Soy Enheduanna, suma sacerdotisa y ornato de dios. Nací entre los ríos Tigris y Éufrates, en la ciudad de Ur, la de los zigurats y las casas de barro. Mi padre es Sargón I y mi hermano es Rimush. Ambos gobernaron Sumeria hace cinco mil años y a ambos serví con lealtad y gratitud.
Soy la Gran Sacerdotisa del templo de An, dios del cielo. Mi padre me nombró sacerdotisa de Nannar, el dios luna, una de las grandes divinidades del panteón mesopotámico.
Probablemente escribí versos en la arena de la desembocadura del Éufrates y me bañé en sus aguas, las que arrastraban los ricos tesoros de las montañas de Anatolia. El Éufrates y el Tigris formaron el larguísimo río Shalt al-Arab que serpentea a través de desiertos y tierras áridas. Hay quien piensa que el río en el que se baña mi ciudad, Ur, es el cuarto río del Edén, el Paraíso.
Quizás alguno se enamoró de mí al verme deshacer mi tocado, sentada a la orilla de sus aguas con los pies descalzos y mi túnica color tierra. Quizás yo también me enamoré y sentí el pálpito del corazón cuando vi al muchacho con su falda de piel y su rodilla izquierda al descubierto. Quizás nos enamoramos mientras el agua se llevaba la cinta que sujetaba mis cabellos y que me había quitado para refrescar mi frente del calor del desierto. Tal vez nos prometimos amor eterno. Lo mismo él era un soldado, tal vez un campesino, pero mi padre me necesitaba para consolidar su poder en el sur de Sumeria y para conseguir la unión con el norte. Decidí ser la Sacerdotisa y honré a Inanna la diosa del amor y de la guerra, porque quién sabe si no me enamoré de una mujer.
En las madrugadas paseaba por el templo de Ur, recorría el patio y observaba los cuatro puntos cardinales que lo envolvían con sus mágicos presagios. Avanzada la mañana, escuchaba el rumor de la gente que recorría las tres terrazas, cada uno con su clase social y sin mezclarse.
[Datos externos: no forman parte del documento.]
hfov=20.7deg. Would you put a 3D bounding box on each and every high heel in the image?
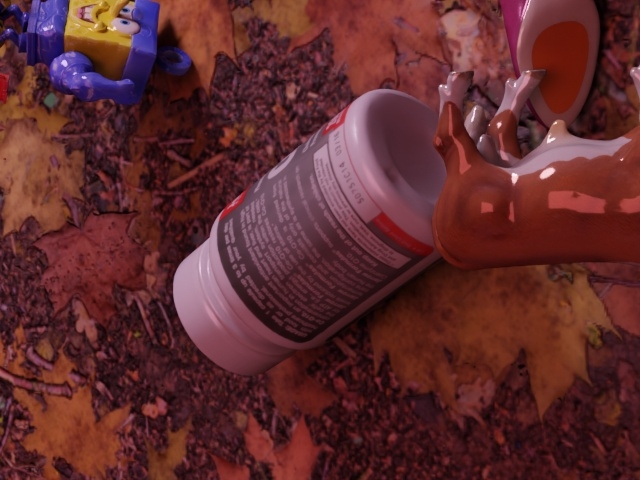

Mi responsabilidad era abrumadora. Sin embargo, acometí las empresas a las que estaba destinada. Supervisaba la correcta ejecución de los rituales porque el dios luna e Inanna eran quienes me protegían. Y en su honor y a sabiendas de la necesidad de estabilidad para el Imperio de mi padre, creé la primera teología sistemática de la humanidad. Nunca algo así se había realizado anteriormente. Y lo hice creando un panteón, un paraíso de dioses. Fue tan novedosa esta forma de dar cabida a todas y cada una de las creencias de los diferentes zigurats que se mantuvo a lo largo de los siglos posteriores.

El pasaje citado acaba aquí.